O inverno é o mais frio dos últimos 30 anos no país. Além das dezenas de mortos e centenas de milhares doentes, o frio também atingiu a colheita da região e matou dezenas de lhamas e alpacas --os dois únicos mamíferos que podem ser criados nas regiões mas montanhas.

O PMA (Programa Mundial de Alimentos) anunciou o envio de alimentos ao Peru, que também serão distribuídos às vítimas do terremoto. O governo pede o envio de comida, barracas, medicamentos, roupa e água para as vítimas do tremor de terra.

Seis novos hospitais de campanha enviados pela cooperação internacional iniciaram hoje suas atividades na região mais afetada, com a administração de cubanos, americanos e espanhóis em coordenação com os responsáveis da Defesa Civil peruana. O atendimento imediato de emergência --a primeira fase da operação iniciada na quinta-feira (16)- vai durar, segundo o responsável pela coordenação, James Atkins, ao menos três meses, nos quais deverá ser mantido o envio de ajuda, embora não na mesma proporção.

Nos primeiros quatro dias, chegaram ao aeroporto de Pisco 250 vôos procedentes do resto do Peru e de outros países, com pelo menos mil toneladas de ajuda e diversos socorristas, médicos e especialistas em desastres. A segunda fase da operação será a de reabilitação e a terceira, de reconstrução, afirma o alto cargo da Defesa Civil, embora esta última leve anos até que se conclua.

Psicólogos

Por enquanto, uma das ajudas mais importantes que a Defesa Civil deve oferecer aos desabrigados é a psicológica, pois as pessoas atingidas sofrem com um "forte sofrimento que pode levá-las a crises e doenças posteriores", ressalta Atkins. "Também é preciso fazer o tratamento correspondente dos que estão a cargo da ajuda, que sofrem o trauma do que vêem, por isso devemos nos preocupar com que nosso pessoal esteja protegido neste aspecto", disse.

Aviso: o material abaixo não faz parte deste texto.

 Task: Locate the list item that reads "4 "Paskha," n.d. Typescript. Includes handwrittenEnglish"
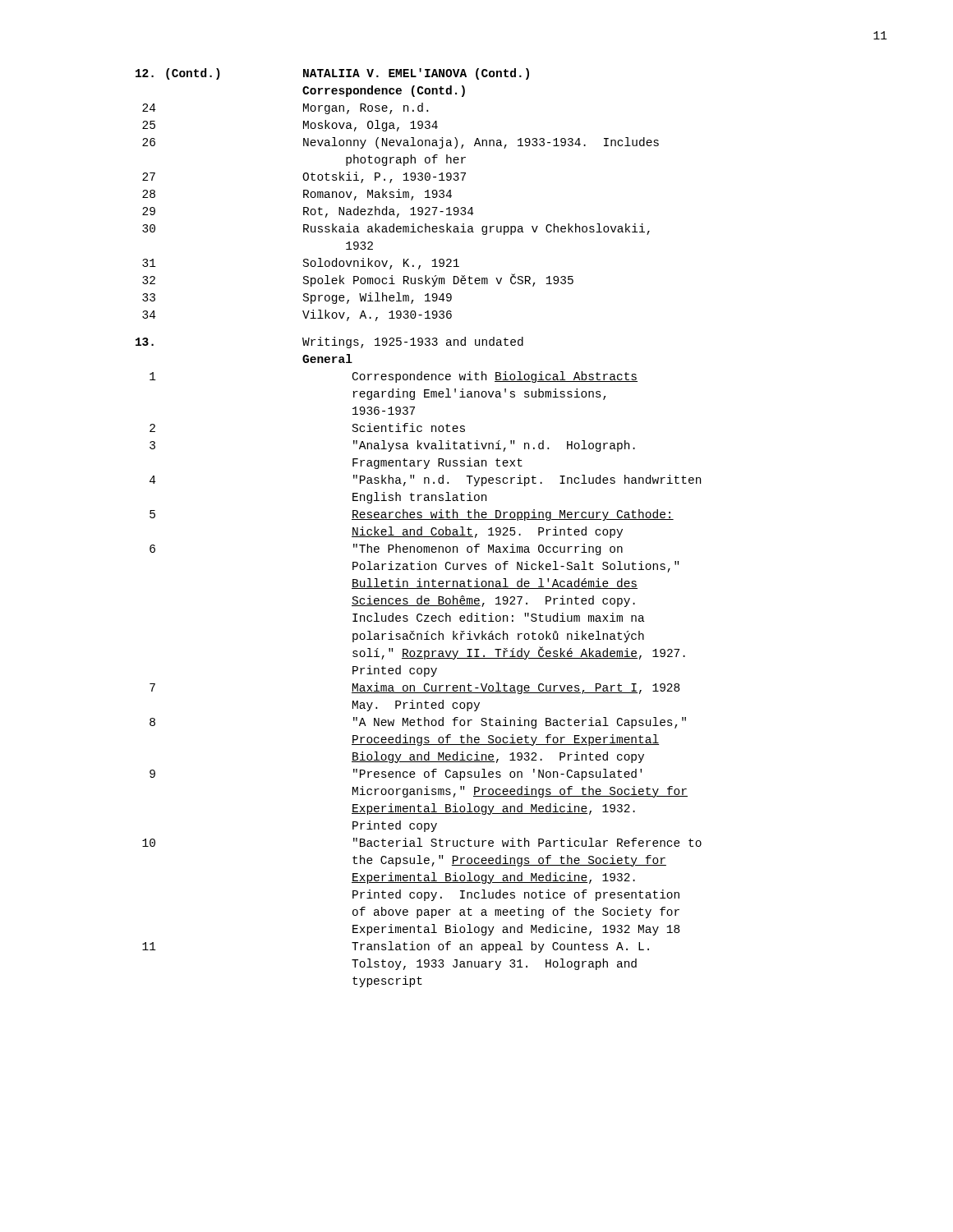(x=476, y=490)
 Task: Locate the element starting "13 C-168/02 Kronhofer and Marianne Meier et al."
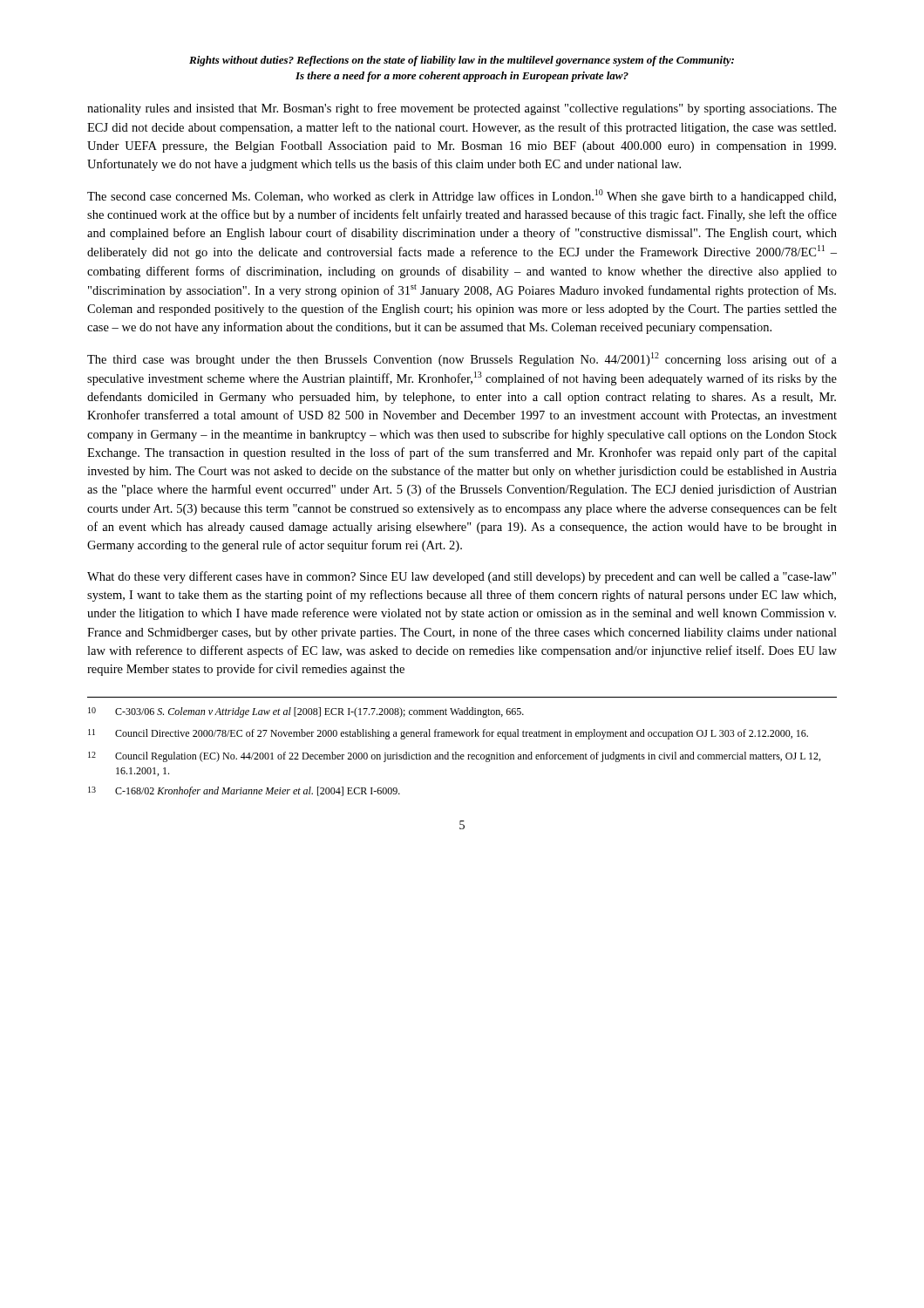click(x=244, y=792)
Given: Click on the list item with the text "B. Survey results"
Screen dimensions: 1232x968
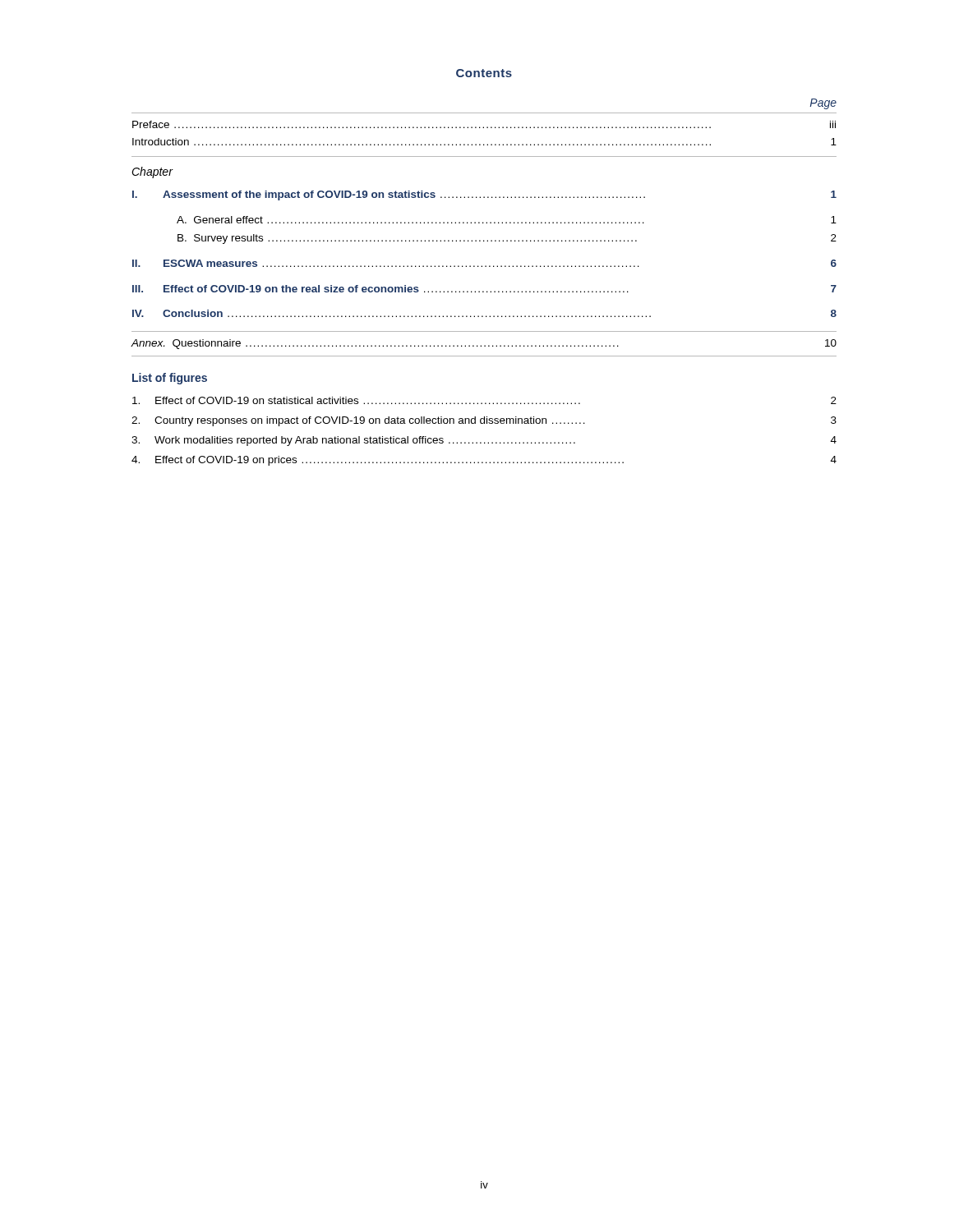Looking at the screenshot, I should point(507,238).
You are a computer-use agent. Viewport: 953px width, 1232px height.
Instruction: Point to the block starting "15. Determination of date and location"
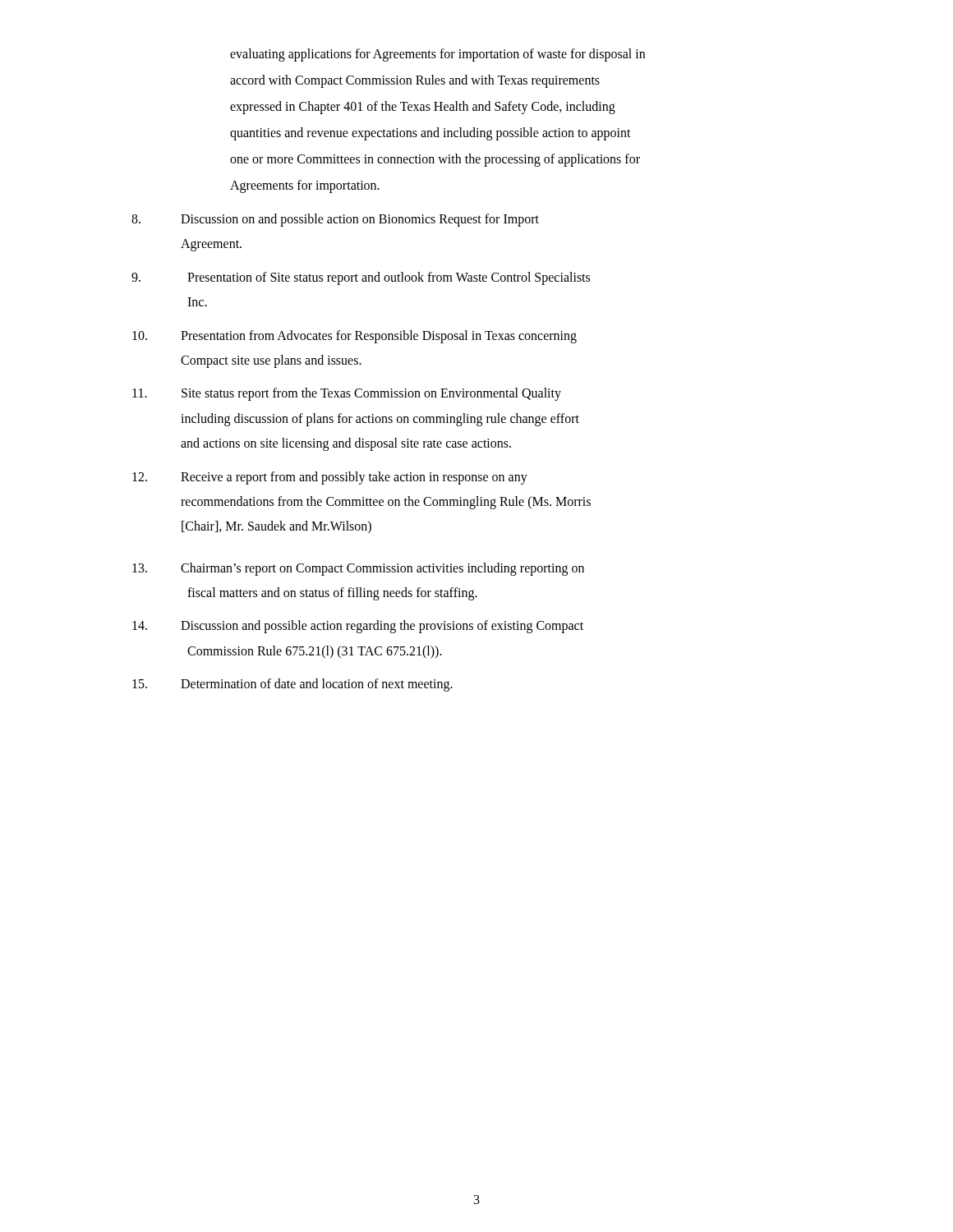292,685
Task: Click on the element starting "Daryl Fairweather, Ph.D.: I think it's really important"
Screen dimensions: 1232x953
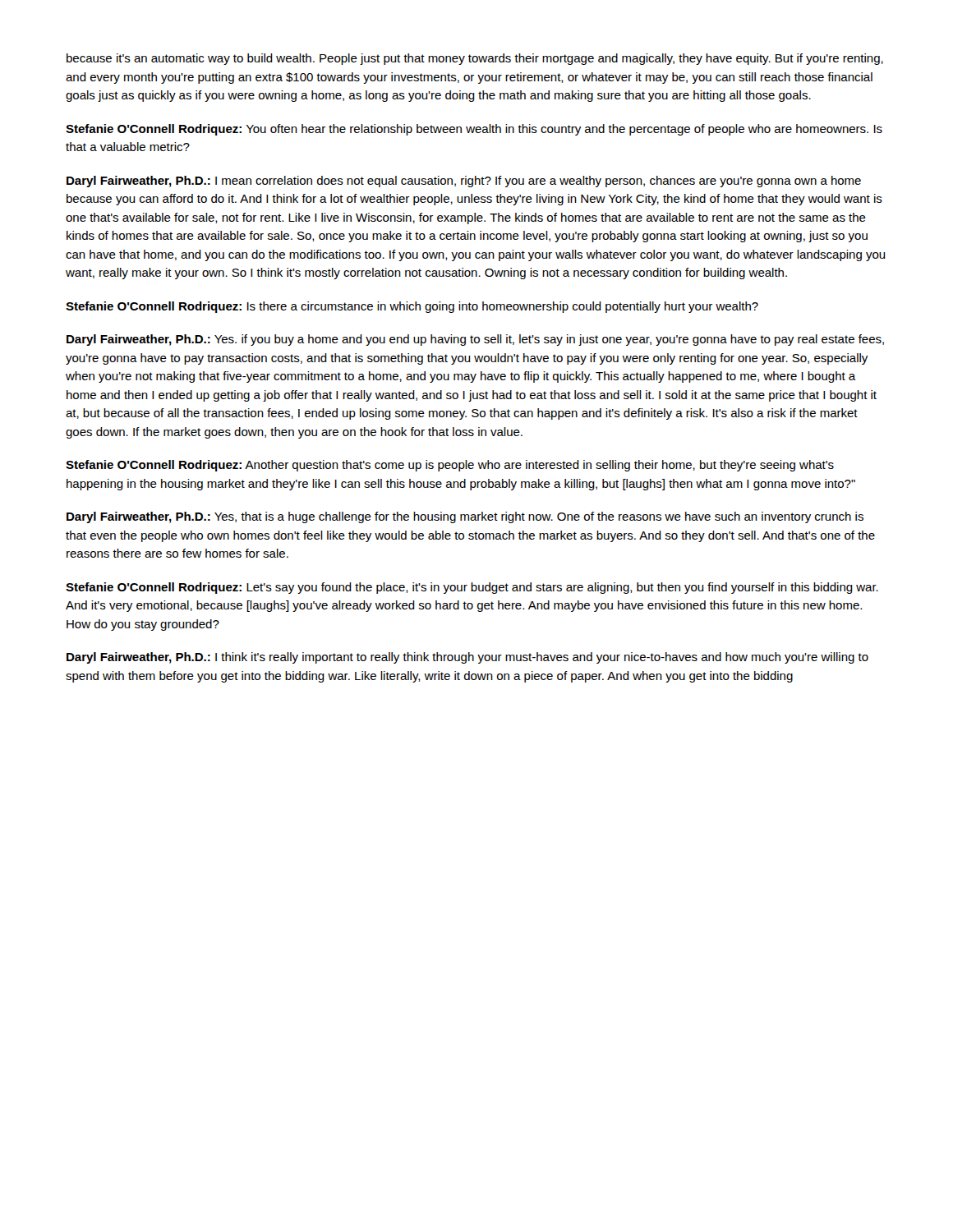Action: (467, 666)
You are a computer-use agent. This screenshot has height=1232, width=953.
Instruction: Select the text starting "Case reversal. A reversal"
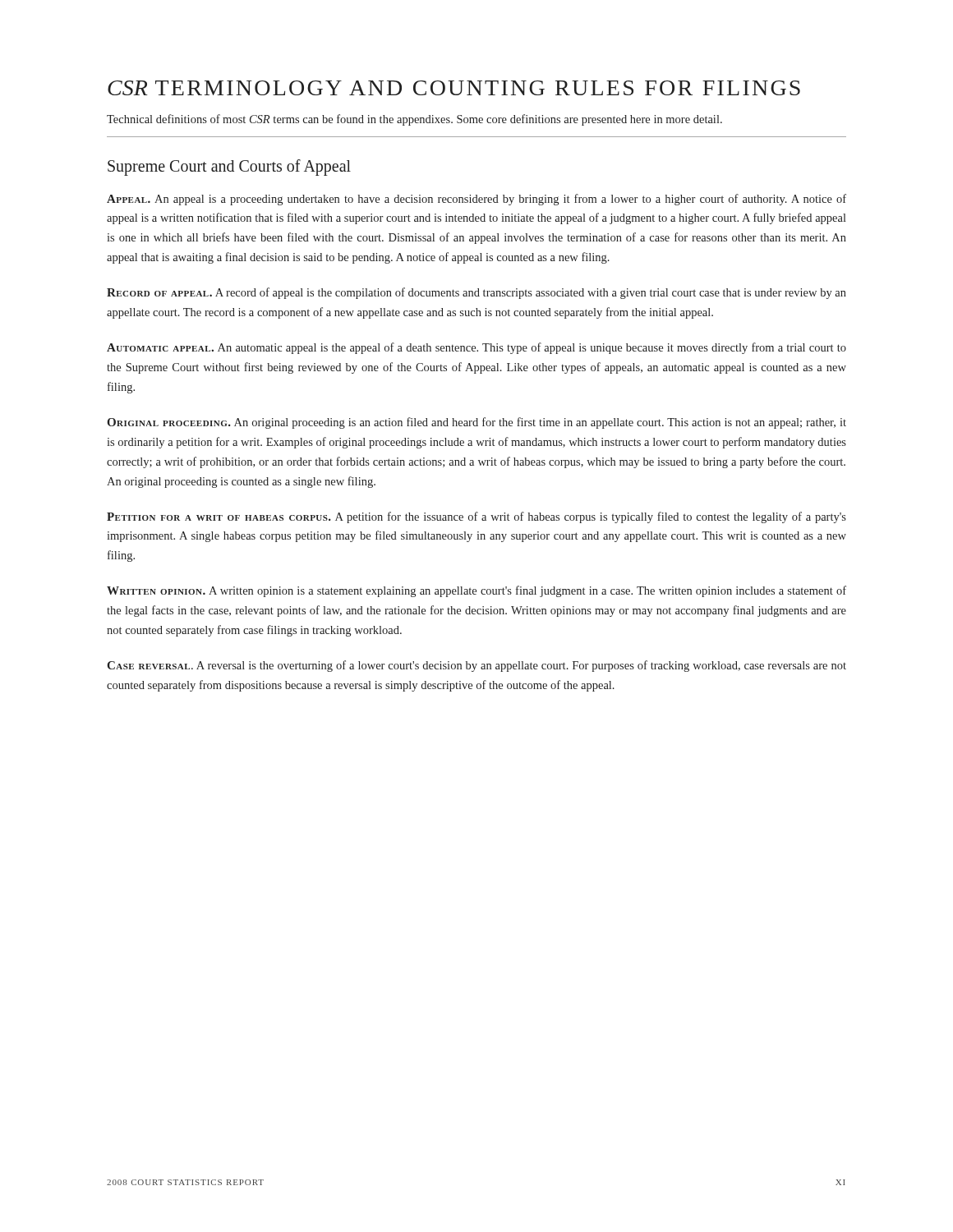[476, 676]

No entanto, continuam as críticas à organização da assistência, sobretudo pela falta de coordenação para a atribuição de tarefas às equipes de socorro e ajuda médica.

Brasil

Os consulados e embaixadas do Peru em São Paulo, em Brasília e no Rio recebem doações para as vítimas do terremoto ocorrido no Peru. Em Brasília, donativos podem ser entregues na sede da Embaixada do Peru em Brasília, que fica no setor embaixadas sul, na avenida das Nações, quadra 811, lote 43.

No Rio, a ajuda deve ser entregue ao Consulado Geral do Peru, na avenida Rui Barbosa, número 314, 2º andar, no Flamengo. O órgão também recebe dinheiro e emite recibos. Um galpão da Prefeitura de São Paulo recebe os donativos entre as 12h e as 18h desta segunda-feira e entre as 8h e as 18h de amanhã (21). O galpão fica na rua Sobral Junior, número 264, na zona norte da cidade. Entre os principais itens solicitados pelo consulado do Peru estão barracas, camas de armar, garrafas e garrafões de água, cobertores, sacos de dormir, roupas, pás, remédios e insumos.